§ **Task requirements**:
Pick each line containing the word "font" out of the data below.

[Opening Dataset records section]

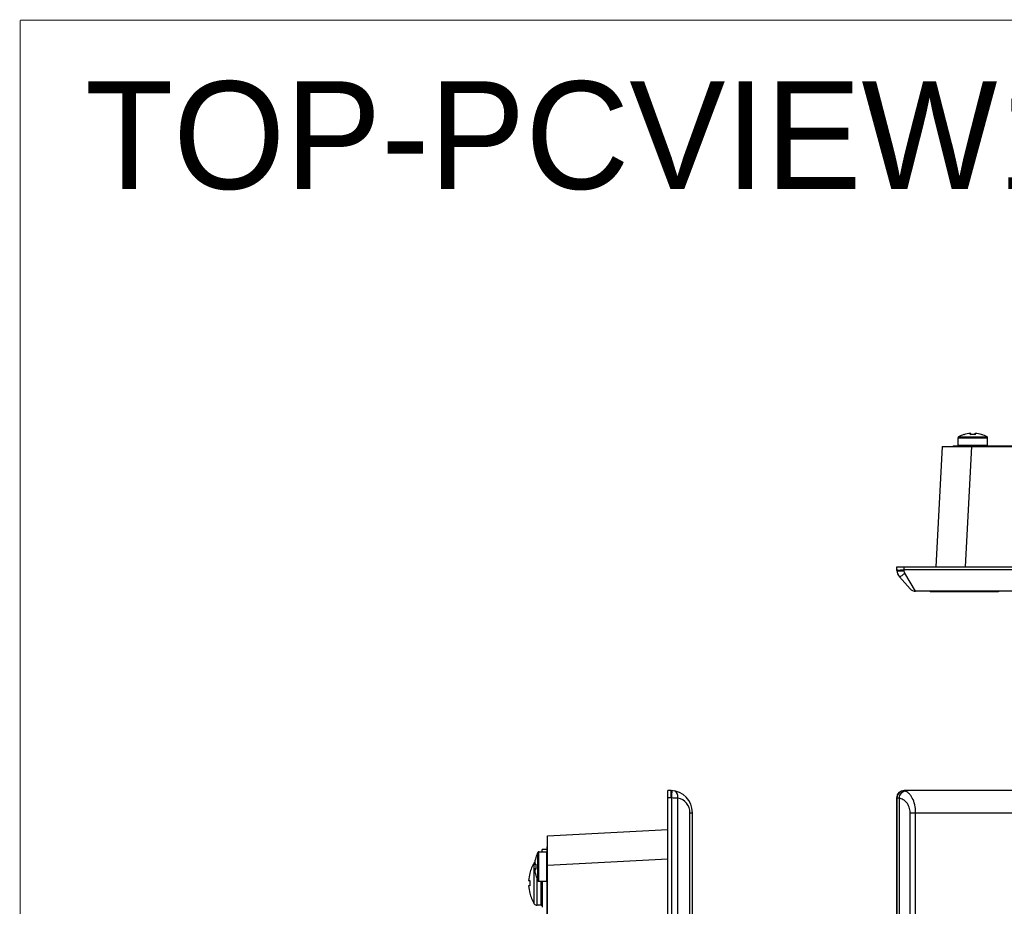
# Model space of a CAD drawing. Header units: millimetres. Extents: x 0 to 1189, y 0 to 841.
# Tile 17 of 50: x 0 to 200, y 660 to 841. Entities that reach past the tile are written whole.
import ezdxf

# ---------------------------------------------------------------- set-up
doc = ezdxf.new("R2010")
doc.units = ezdxf.units.MM
doc.header["$LTSCALE"] = 65.395
doc.layers.get('0').update_dxf_attribs({"linetype": 'CONTINUOUS'})
for name, color, linetype in [('00_TOPPPC12-FORMAT', 7, 'CONTINUOUS'), ('COVER-REAR_CASE_PC-SHAPE', 7, 'CONTINUOUS'), ('FRONT_CASE_15_DM-SHAPE', 7, 'CONTINUOUS'), ('M3X8-SHAPE', 7, 'CONTINUOUS'), ('REAR_CASE-PC_15-SHAPE', 7, 'CONTINUOUS'), ('SCREW_M4X8_MUSH_2-SHAPE', 7, 'CONTINUOUS'), ('SWITCH_WINDOW-PPC-SHAPE', 7, 'CONTINUOUS')]:
    doc.layers.add(name, color=color, linetype=linetype)
doc.styles.get("Standard").update_dxf_attribs({"font": 'gothic.ttf'})

msp = doc.modelspace()

# ---------------------------------------------------------------- linework, layer by layer
at = {"layer": '00_TOPPPC12-FORMAT', "color": 7, "linetype": 'Continuous', "const_width": 0.2}
for points in [[(0, 0), (0, 841)], [(0, 841), (1189, 841)]]:
    msp.add_lwpolyline(points, dxfattribs=at)
at = {"layer": 'COVER-REAR_CASE_PC-SHAPE', "color": 7, "linetype": 'Continuous'}
for p, q in [((106.32, 671.545), (106.32, 672.045)), ((107.32, 672.045), (106.32, 672.045)), ((106.32, 665.545), (106.32, 660.245))]:
    msp.add_line(p, q, dxfattribs=at)
at = {"layer": 'FRONT_CASE_15_DM-SHAPE', "color": 7, "linetype": 'Continuous'}
for p, q in [((187.773, 754.146), (186.489, 729.646)), ((187.773, 754.146), (539.31, 754.146)), ((193.765, 754.146), (192.481, 729.646)), ((178.569, 728.867), (178.542, 729.646)), ((178.542, 729.646), (548.542, 729.646)), ((180.064, 728.989), (180.041, 729.646)), ((547.02, 728.989), (180.064, 728.989)), ((180.068, 728.806), (180.064, 728.989)), ((182.388, 724.646), (180.195, 728.332)), ((179.076, 727.605), (181.269, 725.148)), ((544.695, 724.646), (182.388, 724.646)), ((131.92, 383.045), (131.92, 684.045)), ((132.577, 684.022), (131.92, 684.045)), ((180.064, 684.022), (180.041, 684.045)), ((547.043, 684.045), (180.041, 684.045)), ((547.02, 684.022), (180.064, 684.022)), ((132.577, 682.523), (131.92, 682.546)), ((132.699, 384.574), (132.699, 682.516)), ((133.961, 384.615), (133.961, 682.475)), ((178.542, 682.546), (178.542, 384.544)), ((178.565, 682.523), (178.542, 682.546)), ((178.569, 384.574), (178.569, 682.516)), ((179.076, 384.615), (179.076, 682.475)), ((136.419, 387.565), (136.419, 679.525)), ((136.419, 679.525), (136.92, 679.525)), ((136.92, 387.565), (136.92, 679.525)), ((181.269, 387.565), (181.269, 679.525)), ((181.269, 679.525), (545.814, 679.525)), ((182.388, 387.565), (182.388, 679.525)), ((107.42, 674.813), (131.92, 676.097)), ((107.42, 392.277), (107.42, 674.813)), ((107.42, 668.822), (131.92, 670.106))]:
    msp.add_line(p, q, dxfattribs=at)
for centre, radius, start, end in [((180.568, 728.937), 2, 182, 221.75166), ((182.388, 726.146), 1.5, 221.75166, 270), ((132.42, 679.525), 4.5, 0, 88), ((180.066, 682.521), 1.501, 90.08378, 179.91622), ((132.472, 679.525), 3, 85.657, 87.99988), ((131.822, 635.931), 46.593, 87.36835, 88.92111), ((133.419, 679.525), 3, 359.99998, 79.57804)]:
    msp.add_arc(centre, radius, start, end, dxfattribs=at)
msp.add_ellipse((180.043, 682.544), major_axis=(-1.062, 1.062), ratio=0.9987828, start_param=-0.7847892, end_param=0.7847892, dxfattribs=at)
for points, knots in [([(178.565, 728.989), (178.565, 728.986), (178.578, 728.983), (178.597, 728.979), (178.635, 728.976), (178.683, 728.973), (178.746, 728.971), (178.855, 728.968), (179.018, 728.967), (179.242, 728.969), (179.498, 728.973), (179.775, 728.98), (179.966, 728.986), (180.064, 728.989)], [0, 0, 0, 0, 0.0058937, 0.0206445, 0.0446611, 0.0777893, 0.1197573, 0.1701629, 0.2943289, 0.4455641, 0.6180861, 0.8052889, 1, 1, 1, 1]), ([(178.569, 728.867), (178.569, 728.855), (178.621, 728.838), (178.697, 728.824), (178.84, 728.81), (179.022, 728.801), (179.247, 728.795), (179.6, 728.793), (179.877, 728.799), (180.068, 728.806)], [0, 0, 0, 0, 0.0240212, 0.0821319, 0.1746074, 0.2983666, 0.4488471, 0.6203807, 1, 1, 1, 1]), ([(179.076, 727.605), (179.085, 727.594), (179.134, 727.591), (179.259, 727.639), (179.491, 727.777), (179.82, 728.019), (180.064, 728.22), (180.195, 728.332)], [0, 0, 0, 0, 0.0325822, 0.0923637, 0.3036895, 0.6191705, 1, 1, 1, 1]), ([(132.577, 682.523), (132.58, 682.62), (132.586, 682.812), (132.593, 683.089), (132.597, 683.345), (132.599, 683.569), (132.598, 683.732), (132.595, 683.84), (132.593, 683.903), (132.59, 683.952), (132.587, 683.99), (132.583, 684.009), (132.58, 684.022), (132.577, 684.022)], [0, 0, 0, 0, 0.1947111, 0.3819139, 0.5544359, 0.7056711, 0.8298371, 0.8802427, 0.9222107, 0.9553389, 0.9793555, 0.9941063, 1, 1, 1, 1]), ([(132.699, 682.516), (132.707, 682.613), (132.72, 682.804), (132.738, 683.08), (132.753, 683.335), (132.764, 683.559), (132.77, 683.722), (132.772, 683.83), (132.772, 683.893), (132.771, 683.942), (132.769, 683.979), (132.766, 683.998), (132.763, 684.012), (132.76, 684.012)], [0, 0, 0, 0, 0.194788, 0.3820236, 0.5545462, 0.7057615, 0.8298985, 0.8802892, 0.9222433, 0.9553597, 0.979367, 0.9941112, 1, 1, 1, 1]), ([(133.961, 682.475), (133.979, 682.65), (133.975, 682.99), (133.844, 683.451), (133.597, 683.804), (133.353, 683.929), (133.234, 683.951)], [0, 0, 0, 0, 0.2953623, 0.5638717, 0.7959131, 1, 1, 1, 1]), ([(178.569, 682.516), (178.569, 682.711), (178.648, 683.104), (178.982, 683.6), (179.48, 683.933), (179.873, 684.011), (180.068, 684.012)], [0, 0, 0, 0, 0.2496498, 0.4996308, 0.7498279, 1, 1, 1, 1]), ([(179.076, 682.475), (179.092, 682.655), (179.172, 683.005), (179.418, 683.464), (179.764, 683.806), (180.053, 683.928), (180.195, 683.951)], [0, 0, 0, 0, 0.2740097, 0.5388049, 0.7819064, 1, 1, 1, 1]), ([(180.068, 684.012), (180.067, 684.014), (180.066, 684.017), (180.065, 684.021), (180.064, 684.022)], [0, 0, 0, 0, 0.578024, 1, 1, 1, 1]), ([(180.195, 683.951), (180.163, 683.96), (180.122, 683.975), (180.081, 683.998), (180.069, 684.007), (180.068, 684.012)], [0, 0, 0, 0, 0.700673, 0.8958547, 1, 1, 1, 1]), ([(182.388, 679.525), (182.388, 680.07), (182.278, 681.101), (181.871, 682.283), (181.408, 683.032), (180.94, 683.57), (180.498, 683.857), (180.195, 683.951)], [0, 0, 0, 0, 0.3134723, 0.5905161, 0.7102328, 0.8173407, 1, 1, 1, 1]), ([(178.569, 682.516), (178.568, 682.518), (178.567, 682.52), (178.565, 682.522), (178.565, 682.523)], [0, 0, 0, 0, 0.5654872, 1, 1, 1, 1]), ([(179.076, 682.475), (179.006, 682.479), (178.885, 682.486), (178.745, 682.496), (178.659, 682.503), (178.616, 682.507), (178.588, 682.512), (178.573, 682.514), (178.569, 682.516)], [0, 0, 0, 0, 0.4084012, 0.7167202, 0.8303512, 0.9158012, 0.9724132, 1, 1, 1, 1]), ([(181.269, 679.525), (181.269, 679.914), (181.139, 680.659), (180.614, 681.581), (179.899, 682.201), (179.347, 682.42), (179.076, 682.475)], [0, 0, 0, 0, 0.2954104, 0.5591964, 0.790061, 1, 1, 1, 1])]:
    msp.add_open_spline(points, degree=3, knots=knots, dxfattribs=at)
msp.add_open_spline([(180.195, 728.332), (180.111, 728.473), (180.072, 728.642), (180.068, 728.806)], degree=3, dxfattribs=at)
at = {"layer": 'M3X8-SHAPE', "color": 7, "linetype": 'Continuous'}
for p, q in [((191.146, 756.105), (196.938, 756.105)), ((192.211, 756.539), (192.211, 756.562)), ((193.533, 756.539), (193.533, 756.803)), ((193.642, 756.712), (193.642, 756.55)), ((194.442, 756.55), (194.442, 756.712)), ((194.55, 756.803), (194.55, 756.539)), ((195.872, 756.562), (195.872, 756.539)), ((191.042, 754.346), (191.042, 755.929)), ((191.042, 755.929), (197.042, 755.929)), ((197.042, 754.346), (191.042, 754.346)), ((197.042, 754.346), (197.042, 755.929)), ((105.027, 670.375), (105.004, 670.375)), ((105.461, 665.649), (105.461, 671.441)), ((105.637, 665.545), (105.637, 671.545)), ((105.637, 671.545), (107.22, 671.545)), ((107.22, 671.545), (107.22, 665.545)), ((105.027, 669.054), (104.763, 669.054)), ((104.763, 668.037), (105.027, 668.037)), ((105.015, 668.945), (104.854, 668.945)), ((104.854, 668.145), (105.015, 668.145)), ((105.027, 666.715), (105.004, 666.715)), ((105.637, 665.545), (107.22, 665.545))]:
    msp.add_line(p, q, dxfattribs=at)
for centre, radius, start, end in [((191.242, 755.929), 0.2, 118.73026, 180), ((194.042, 750.821), 6.025, 107.68583, 118.73026), ((194.042, 750.821), 6.004, 94.85821, 107.75125), ((192.242, 756.466), 0.1, 68.26756, 107.68583), ((192.251, 756.443), 0.104, 107.67914, 112.45548), ((194.042, 750.821), 6.004, 94.77711, 107.66853), ((193.55, 756.705), 0.1, 94.78742, 99.6555), ((194.042, 750.821), 5.74, 84.91839, 95.08161), ((193.577, 756.428), 0.119, 107.27702, 111.57657), ((194.042, 750.821), 5.745, 85.2296, 94.7704), ((194.042, 750.821), 6.004, 72.33147, 85.22289), ((194.533, 756.705), 0.0996, 82.68119, 85.22051), ((194.506, 756.428), 0.119, 68.42128, 72.72083), ((194.533, 756.704), 0.101, 80.35055, 82.68114), ((194.042, 750.821), 6.004, 72.24875, 85.14179), ((195.842, 756.466), 0.1, 72.31417, 111.73235), ((195.832, 756.443), 0.104, 67.5447, 72.32094), ((194.042, 750.821), 6.025, 61.26974, 72.31417), ((196.842, 755.929), 0.2, 0, 61.26974), ((191.142, 754.346), 0.1, 180, 270), ((196.942, 754.346), 0.1, 270, 0), ((110.745, 668.545), 6.004, 162.33147, 175.22289), ((110.745, 668.545), 6.004, 162.24875, 175.14179), ((105.1, 670.345), 0.1, 162.31417, 201.72692), ((110.745, 668.545), 6.025, 151.26978, 162.31417), ((105.123, 670.336), 0.104, 157.5447, 162.32094), ((105.637, 671.345), 0.2, 90, 151.26974), ((107.22, 671.445), 0.1, 0, 90), ((104.862, 669.037), 0.101, 170.35055, 172.68114), ((104.861, 669.037), 0.0996, 172.68119, 175.22051), ((104.861, 668.053), 0.1, 184.78689, 189.65488), ((110.745, 668.545), 6.004, 184.77711, 197.66853), ((110.745, 668.545), 6.004, 184.85821, 197.75125), ((110.745, 668.545), 5.745, 175.2296, 184.7704), ((110.745, 668.545), 5.74, 174.91839, 185.08161), ((105.138, 669.01), 0.119, 158.42395, 162.7235), ((105.138, 668.081), 0.119, 197.2798, 201.57935), ((105.1, 666.745), 0.1, 158.26765, 197.68583), ((110.745, 668.545), 6.025, 197.68583, 208.73022), ((105.123, 666.754), 0.104, 197.67914, 202.45548), ((105.637, 665.745), 0.2, 208.73026, 270), ((107.22, 665.645), 0.1, 270, 0)]:
    msp.add_arc(centre, radius, start, end, dxfattribs=at)
for points, knots in [([(193.642, 756.712), (193.642, 756.727), (193.635, 756.756), (193.609, 756.787), (193.576, 756.803), (193.553, 756.805), (193.542, 756.804)], [0, 0, 0, 0, 0.295493, 0.5540378, 0.7826438, 1, 1, 1, 1]), ([(194.442, 756.712), (194.442, 756.727), (194.449, 756.755), (194.475, 756.787), (194.507, 756.803), (194.531, 756.805), (194.542, 756.804)], [0, 0, 0, 0, 0.2962043, 0.5538946, 0.7822785, 1, 1, 1, 1]), ([(104.854, 668.945), (104.839, 668.945), (104.811, 668.952), (104.779, 668.978), (104.763, 669.011), (104.761, 669.034), (104.762, 669.045)], [0, 0, 0, 0, 0.2962043, 0.5538946, 0.7822785, 1, 1, 1, 1]), ([(104.762, 668.045), (104.761, 668.056), (104.763, 668.079), (104.779, 668.112), (104.811, 668.138), (104.839, 668.145), (104.854, 668.145)], [0, 0, 0, 0, 0.2177472, 0.4461033, 0.7037949, 1, 1, 1, 1])]:
    msp.add_open_spline(points, degree=3, knots=knots, dxfattribs=at)
for points in [[(193.564, 756.547), (193.556, 756.546), (193.549, 756.544), (193.542, 756.542)], [(194.519, 756.547), (194.527, 756.546), (194.534, 756.544), (194.542, 756.542)], [(105.024, 669.045), (105.022, 669.038), (105.02, 669.03), (105.02, 669.023)], [(105.024, 668.045), (105.022, 668.052), (105.02, 668.06), (105.02, 668.067)]]:
    msp.add_open_spline(points, degree=3, dxfattribs=at)
at = {"layer": 'REAR_CASE-PC_15-SHAPE', "color": 7, "linetype": 'Continuous'}
for p, q in [((190.042, 754.246), (190.042, 754.146)), ((190.042, 754.246), (537.042, 754.246)), ((194.042, 754.246), (194.042, 754.146)), ((107.32, 394.545), (107.32, 672.545)), ((107.32, 672.545), (107.42, 672.545)), ((107.32, 668.545), (107.42, 668.545))]:
    msp.add_line(p, q, dxfattribs=at)
at = {"layer": 'SCREW_M4X8_MUSH_2-SHAPE', "color": 7, "linetype": 'Continuous'}
for p, q in [((104.703, 660.981), (104.703, 669.309)), ((103.799, 667.188), (103.819, 667.189)), ((105.301, 660.645), (105.301, 665.964)), ((103.57, 665.684), (103.819, 665.689)), ((103.819, 664.601), (103.57, 664.606)), ((106.12, 660.645), (106.12, 665.545)), ((103.819, 663.101), (103.799, 663.102)), ((106.12, 660.645), (105.301, 660.645))]:
    msp.add_line(p, q, dxfattribs=at)
for centre, radius, start, end in [((111.534, 665.145), 8, 148.63099, 165.20209), ((105.301, 668.945), 0.7, 134.44689, 148.63099), ((111.543, 665.142), 7.991, 165.15965, 176.10878), ((111.543, 665.148), 7.991, 183.89122, 194.84035), ((111.508, 665.145), 7.709, 175.95607, 184.04393), ((111.534, 665.145), 8, 194.79791, 211.36901), ((105.301, 661.345), 0.7, 211.36901, 270), ((106.12, 660.845), 0.2, 270, 0)]:
    msp.add_arc(centre, radius, start, end, dxfattribs=at)
at = {"layer": 'SWITCH_WINDOW-PPC-SHAPE', "color": 7, "linetype": 'Continuous'}
for p, q in [((185.342, 724.646), (185.342, 724.546)), ((199.242, 724.546), (185.342, 724.546)), ((194.342, 724.646), (194.342, 724.546)), ((199.242, 724.646), (199.242, 724.546))]:
    msp.add_line(p, q, dxfattribs=at)

# ---------------------------------------------------------------- texts
msp.add_text('TOP-PCVIEW15', height=21.93771).set_placement((13.248, 806.607))

doc.saveas('drawing.dxf')
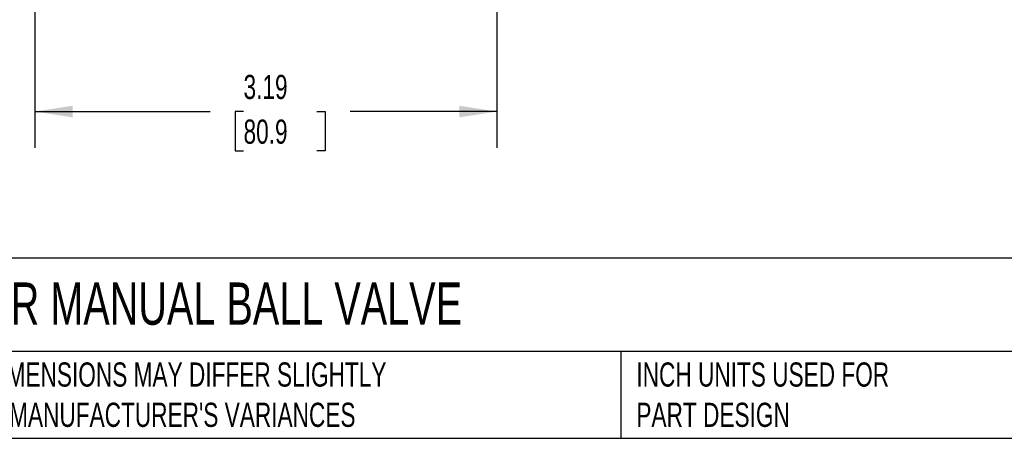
# Model space of a CAD drawing. Header units: inches. Extents: x 0.5 to 21.5, y 0.5 to 16.5.
# Tile 2 of 11: x 4.2 to 10.9, y 0.5 to 3.4. Entities that reach past the tile are written whole.
import ezdxf

# ---------------------------------------------------------------- set-up
doc = ezdxf.new("R2010")
doc.units = ezdxf.units.IN
doc.header["$LTSCALE"] = 2
doc.header["$MEASUREMENT"] = 0
doc.linetypes.add('SLD-Solid', pattern=[0])
doc.layers.add('DIMENSIONS', color=140, linetype='SLD-Solid', lineweight=25)
doc.layers.add('TEXT', color=140, linetype='SLD-Solid', lineweight=25)
doc.styles.add('SLDTEXTSTYLE0', font='TXT', dxfattribs={"width": 0.7})
doc.dimstyles.new('SLDDIMSTYLE1', dxfattribs={"dimtxt": 0.169922, "dimasz": 0.26, "dimexe": 0, "dimexo": 0.0625, "dimgap": 0.04248, "dimtad": 0, "dimtih": 1, "dimtoh": 1, "dimrnd": 1e-09, "dimzin": 12, "dimdsep": 46, "dimtxsty": 'SLDTEXTSTYLE0', "dimsah": 1, "dimcen": 0.09, "dimadec": 0, "dimazin": 3, "dimtfac": 1, "dimtofl": 0, "dimtmove": 0, "dimatfit": 3, "dimfxl": 0, "dimfrac": 2, "dimtolj": 1, "dimtzin": 12, "dimarcsym": 0})

# ---------------------------------------------------------------- blocks, each defined once
blk = doc.blocks.new('_D_1')
at = {"layer": 'DIMENSIONS'}
for p, q in [((4.2679, 4.5007), (4.2679, 2.504)), ((7.453, 4.5007), (7.453, 2.504)), ((4.2679, 2.754), (5.4759, 2.754)), ((5.7062, 2.754), (5.6491, 2.754)), ((5.6491, 2.754), (5.6491, 2.4839)), ((6.2111, 2.754), (6.2682, 2.754)), ((6.2682, 2.754), (6.2682, 2.4839)), ((7.453, 2.754), (6.4413, 2.754)), ((5.6491, 2.4839), (5.7062, 2.4839)), ((6.2682, 2.4839), (6.2111, 2.4839))]:
    blk.add_line(p, q, dxfattribs=at)
for points in [[(4.2679, 2.754), (4.5279, 2.714), (4.5279, 2.794)], [(7.453, 2.754), (7.193, 2.794), (7.193, 2.714)]]:
    blk.add_solid(points, dxfattribs=at)
at = {"layer": 'DIMENSIONS', "char_height": 0.16667, "attachment_point": 1, "style": 'SLDTEXTSTYLE0'}
for s, insert in [('3.19', (5.7062, 3.0069)), ('80.9', (5.7062, 2.6988))]:
    blk.add_mtext(s, dxfattribs=dict(at, insert=insert))

msp = doc.modelspace()

# ---------------------------------------------------------------- linework, layer by layer
at = {"layer": 'TEXT'}
for p, q in [((21.5, 1.7422), (0.5, 1.7422)), ((21.5, 1.1), (0.5, 1.1)), ((8.3058, 1.1), (8.3058, 0.5)), ((0.5, 0.5), (21.5, 0.5))]:
    msp.add_line(p, q, dxfattribs=at)

# ---------------------------------------------------------------- texts
at = {"layer": 'TEXT', "attachment_point": 1, "style": 'SLDTEXTSTYLE0'}
for s, insert, char_height in [('RUB T292 POTABLE WATER MANUAL BALL VALVE', (0.6272, 1.5749), 0.291667), ("PART DIMENSIONS MAY DIFFER SLIGHTLY ^JDUE TO MANUFACTURER'S VARIANCES", (3.4577, 1.0234), 0.166667), ('INCH UNITS USED FOR ^JPART DESIGN', (8.4137, 1.0234), 0.166667)]:
    msp.add_mtext(s, dxfattribs=dict(at, insert=insert, char_height=char_height))

# ---------------------------------------------------------------- dimensions: what is measured, and where the dimension line sits
at = {"layer": 'DIMENSIONS'}
dim = msp.add_linear_dim(base=(4.2679, 2.754), p1=(7.453, 4.6007), p2=(4.2679, 4.6007), dimstyle='SLDDIMSTYLE1', dxfattribs=at)
dim.commit()
dim.dimension.update_dxf_attribs({"geometry": '_D_1', "text_midpoint": (5.9586, 2.754), "dimtype": 160})

doc.saveas('drawing.dxf')

[Closing Dataset records section]

§ **Solution to this exercise**:
doc.styles.get("Standard").update_dxf_attribs({"font": 'gothic.ttf'})
doc.styles.add('SLDTEXTSTYLE0', font='TXT', dxfattribs={"width": 0.7})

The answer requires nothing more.